Nitric oxide, known as NO, is a gas naturally present in the lungs. It facilitates oxygenation by relaxing, or dilating, the blood vessels, allowing blood to flow smoothly.

R-107 is a liquid prodrug of nitric oxide, meaning that the compound is a precursor to its pharmacologically active form. Once injected into the body, R-107 is converted into its active form, called R-100, which steadily releases NO into lung tissues over the course of several days.

During lung infections, NO levels often drop, triggering a rise in pulmonary blood pressure that may lead to heart failure. The combination of high blood pressure in the lungs and the “leakiness” of blood vessels — which allows fluid to enter the lung tissue — during an infection can have a negative impact on the lungs’ ability to transfer oxygen into circulating blood.

This is particularly problematic in the case of a COVID-19 infection, which can lead to acute PAH and a serious complication called acute respiratory distress syndrome, or ARDS. Patients with these conditions often need intubation and mechanical ventilation to assist with breathing. However, it is difficult to administer oral therapies to intubated and mechanically ventilated patients.
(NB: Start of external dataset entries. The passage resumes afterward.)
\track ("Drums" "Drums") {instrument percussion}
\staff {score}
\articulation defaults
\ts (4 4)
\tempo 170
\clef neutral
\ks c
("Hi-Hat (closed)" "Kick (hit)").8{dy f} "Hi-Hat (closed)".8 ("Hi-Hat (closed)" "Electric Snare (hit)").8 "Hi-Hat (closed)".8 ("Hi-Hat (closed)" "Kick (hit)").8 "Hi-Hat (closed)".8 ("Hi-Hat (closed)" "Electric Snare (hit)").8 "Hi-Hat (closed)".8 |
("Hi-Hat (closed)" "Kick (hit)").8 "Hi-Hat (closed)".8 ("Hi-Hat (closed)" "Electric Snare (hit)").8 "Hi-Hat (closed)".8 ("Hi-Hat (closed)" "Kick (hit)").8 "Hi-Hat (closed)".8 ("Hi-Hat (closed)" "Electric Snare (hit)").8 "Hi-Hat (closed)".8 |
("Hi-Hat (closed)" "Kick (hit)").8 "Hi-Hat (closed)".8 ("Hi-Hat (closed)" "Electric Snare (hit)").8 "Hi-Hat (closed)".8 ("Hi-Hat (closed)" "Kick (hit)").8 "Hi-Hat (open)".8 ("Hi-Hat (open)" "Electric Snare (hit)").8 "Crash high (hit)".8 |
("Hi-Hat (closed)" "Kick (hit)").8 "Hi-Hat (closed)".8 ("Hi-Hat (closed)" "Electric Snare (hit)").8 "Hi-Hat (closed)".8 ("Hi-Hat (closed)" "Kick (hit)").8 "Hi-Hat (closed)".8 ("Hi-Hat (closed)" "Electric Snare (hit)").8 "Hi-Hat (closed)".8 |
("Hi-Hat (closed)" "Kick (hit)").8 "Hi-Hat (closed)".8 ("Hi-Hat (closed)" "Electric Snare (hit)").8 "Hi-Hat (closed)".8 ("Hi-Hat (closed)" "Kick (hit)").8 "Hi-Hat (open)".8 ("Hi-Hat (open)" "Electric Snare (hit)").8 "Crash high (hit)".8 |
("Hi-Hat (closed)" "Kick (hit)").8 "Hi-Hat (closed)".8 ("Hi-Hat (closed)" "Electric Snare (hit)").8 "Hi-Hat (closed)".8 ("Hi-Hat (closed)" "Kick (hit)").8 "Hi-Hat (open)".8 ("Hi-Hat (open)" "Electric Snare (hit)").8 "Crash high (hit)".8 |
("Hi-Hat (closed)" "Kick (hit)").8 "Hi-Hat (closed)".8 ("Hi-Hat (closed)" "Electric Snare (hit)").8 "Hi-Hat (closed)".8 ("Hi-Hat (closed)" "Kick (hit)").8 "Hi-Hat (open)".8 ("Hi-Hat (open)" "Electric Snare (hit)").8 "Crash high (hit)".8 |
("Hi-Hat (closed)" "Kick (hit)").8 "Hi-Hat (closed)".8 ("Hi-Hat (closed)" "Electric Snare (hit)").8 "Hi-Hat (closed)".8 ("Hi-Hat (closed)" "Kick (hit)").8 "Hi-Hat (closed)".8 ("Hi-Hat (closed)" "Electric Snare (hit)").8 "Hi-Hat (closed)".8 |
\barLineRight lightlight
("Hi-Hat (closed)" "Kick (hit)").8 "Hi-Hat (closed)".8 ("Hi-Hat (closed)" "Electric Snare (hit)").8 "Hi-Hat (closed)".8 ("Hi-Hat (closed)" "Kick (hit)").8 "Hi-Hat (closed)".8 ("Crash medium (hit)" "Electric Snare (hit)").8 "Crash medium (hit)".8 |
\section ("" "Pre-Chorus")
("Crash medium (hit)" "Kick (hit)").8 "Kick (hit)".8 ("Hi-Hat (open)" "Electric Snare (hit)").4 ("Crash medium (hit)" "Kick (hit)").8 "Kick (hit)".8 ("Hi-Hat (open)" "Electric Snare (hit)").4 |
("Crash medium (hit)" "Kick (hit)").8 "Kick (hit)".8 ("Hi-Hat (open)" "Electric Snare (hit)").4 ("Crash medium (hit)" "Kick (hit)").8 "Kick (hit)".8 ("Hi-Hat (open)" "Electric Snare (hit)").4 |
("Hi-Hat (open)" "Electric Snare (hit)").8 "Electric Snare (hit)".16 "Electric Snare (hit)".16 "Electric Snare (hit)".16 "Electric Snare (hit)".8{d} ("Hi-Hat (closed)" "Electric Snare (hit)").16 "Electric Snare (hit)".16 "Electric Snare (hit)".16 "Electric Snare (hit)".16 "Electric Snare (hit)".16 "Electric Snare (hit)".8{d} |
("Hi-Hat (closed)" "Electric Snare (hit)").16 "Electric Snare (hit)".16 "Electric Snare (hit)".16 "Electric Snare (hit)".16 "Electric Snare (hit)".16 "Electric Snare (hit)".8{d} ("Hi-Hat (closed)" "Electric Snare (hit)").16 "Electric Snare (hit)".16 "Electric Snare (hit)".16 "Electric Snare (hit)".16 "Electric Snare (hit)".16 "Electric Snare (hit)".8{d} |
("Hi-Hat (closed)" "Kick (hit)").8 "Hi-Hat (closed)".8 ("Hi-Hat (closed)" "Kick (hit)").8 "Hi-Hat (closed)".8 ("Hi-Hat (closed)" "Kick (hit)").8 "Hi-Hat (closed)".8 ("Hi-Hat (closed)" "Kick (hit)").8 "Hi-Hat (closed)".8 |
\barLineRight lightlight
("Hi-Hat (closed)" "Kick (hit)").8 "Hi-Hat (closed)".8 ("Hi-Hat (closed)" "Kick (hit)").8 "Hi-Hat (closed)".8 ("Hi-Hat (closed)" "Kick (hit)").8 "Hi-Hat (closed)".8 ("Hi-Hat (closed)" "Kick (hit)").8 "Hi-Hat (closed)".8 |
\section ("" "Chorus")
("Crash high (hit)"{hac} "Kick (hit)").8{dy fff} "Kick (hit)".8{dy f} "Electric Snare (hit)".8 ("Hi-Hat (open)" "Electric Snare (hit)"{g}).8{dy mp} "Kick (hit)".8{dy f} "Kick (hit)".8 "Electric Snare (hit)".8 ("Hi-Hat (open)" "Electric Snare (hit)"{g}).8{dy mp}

Thus, to further its treatment options for people with PAH, Kalytera is in the process of acquiring the Salzman Group, the company developing R-107 as an injectable liquid.

Pre-clinical tests in rats that model the COVID-19 infection have shown encouraging results thus far. These models correlate closely with the way that lung failure occurs in humans with ARDS and PAH associated with COVID-19.

R-107 preserved the rats’ vascular function and returned their pulmonary arterial blood pressure to normal levels within 20 minutes of dosing. This improvement lasted for the full study period of four hours and showed no signs of side effects, such as an adverse impact on heart rate or peripheral arterial blood pressure.

According to Kalytera, these findings were significantly superior to other currently marketed compounds tested in the same animal models of PAH.

“There are currently no approved treatments for PAH caused by the COVID-19 virus, which is in fact a severe form of ARDS,” Robert Farrell, president and CEO of Kalytera, said in a press release. “Thus, we are highly encouraged by the results of this study, which demonstrate the potential of R-100, the active payload of R-107, to selectively lower blood pressure in the lung while leaving peripheral blood pressure unchanged.”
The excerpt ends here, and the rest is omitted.